By J.F. McKenna
As the sage says, “the hardest ship to float is a partnership.” And what of the good ship Entrepreneur?
Is it reasonable to assume the hardest ship to launch is an entrepreneurship? It appears to be so. And the recent kerfuffle surrounding the economic-development group JumpStart lends credence to this aphorism.
Plain Dealer reporter Michelle Jarboe recently crafted a detailed feature story headlined “JumpStart facing heavy criticism.” The article focused on Cleveland entrepreneurs’ complaint that six-year-old JumpStart “spends more money serving businesses than creating them.” Jarboe reported that JumpStart had funded 53 companies. “Of those,” she wrote, “one has been acquired by another company; a second repaid JumpStart’s investment. Four have failed. Out of the remaining 47 companies, JumpStart says 66 percent are living up to expectations.”
Now, factor in the “equivalent of” 471 full-time jobs created to date and the non-profit, grant-funded JumpStart’s overall $52.3 million spending.
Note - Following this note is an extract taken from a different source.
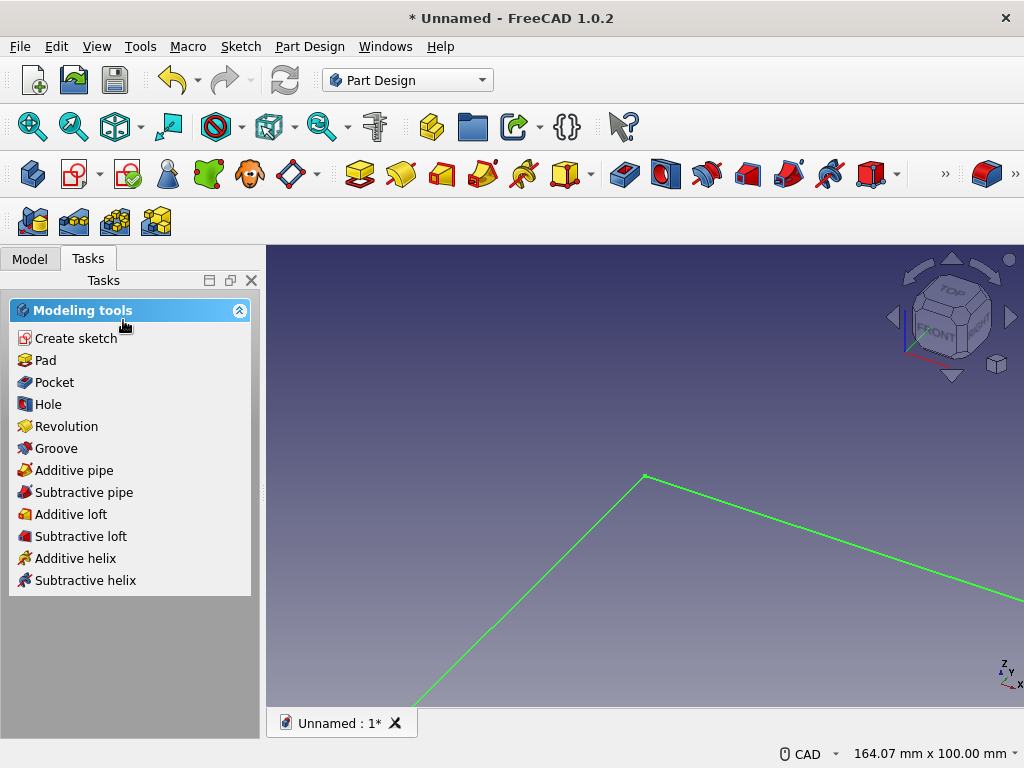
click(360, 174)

The ROI—even with the most intense squinting through a green eyeshade—is poor when compared against private-industry standards.
Which prompts yet other, even more critical, questions: Does entrepreneurship, by its very nature, really lend itself to extra-market stimuli? However well intentioned, are JumpStart’s efforts akin to altering the very DNA that makes entrepreneurship exactly what it is?
The late Peter Drucker, who retains the undisputed title of “the father of modern management,” would probably argue against entrepreneurial interventions a la JumpStart. “‘Planning’ as the term is commonly understood is actually incompatible with an entrepreneurial society and economy,” he said. “Innovation does indeed need to be purposeful and entrepreneurship has to be managed. But innovation, almost by definition, has to be decentralized, ad hoc, autonomous, specific and microeconomic.”
In short, the good ship Entrepreneur needs to launch itself onto the free-market waters and find out if it will float or sink. Artificial ballast, such as non-market investment, will keep the craft seaworthy only so long.
Back when I was covering business issues for Northern Ohio Live magazine, I talked to a lot of champions of entrepreneurship. Many of them told me that business adventurers need to have lofty dreams matched with hard thinking. And hard thinking must precede seeking out assistance, be it guidance on business plans or non-profit investment dollars.
Phil Bessler, a veteran of industry and a Baldwin-Wallace business professor, shared his thoughts with me six summers ago. Long before an entrepreneur scratches out a business plan, Bessler said, he or she must fashion a feasibility study, “a simple test many entrepreneurs do on the fly.”
”I use this analogy: If you build it, will they come?” Bessler said. “You need to test if there is a viable market for what you want to do. The second test is financial: Is the profitability reasonable? Can you cover your investment? The third question is about resources: about skills, about the individual, about support mechanisms. You go through it quickly, and it’s a go/no-go kind of thing.”
In the marketplace, feasibility is typically weighed against what Warren Buffett calls “skin in the game.” When that skin is not off the entrepreneur’s own back, but rather is a funded transplant, decision-making can get skewed.
Which brings me back to the controversy surrounding JumpStart. Questions about the organization’s executive salaries and brand extensions aside, JumpStart must take a hard look at its own feasibility as a market actor. Do the current returns justify the investments? Is it truly possible to commoditize innovation and entrepreneurship?
Drucker would say no. “Innovative opportunities,” he wrote in Innovation and Entrepreneurship, “do not come with the tempest but with the rustling of the breeze.”
Yet a tempest is what seems to have formed.
Jarboe’s article quoted an e-mail from JumpStart critic Ron Copfer, himself a high-tech entrepreneur, to JumpStart CEO Ray Leach:
“The kind of growth we need to have happen in this region can only be produced organically, Ray, from the ground up, by taking chances, experimenting and risking. Something that JumpStart is clearly not doing!”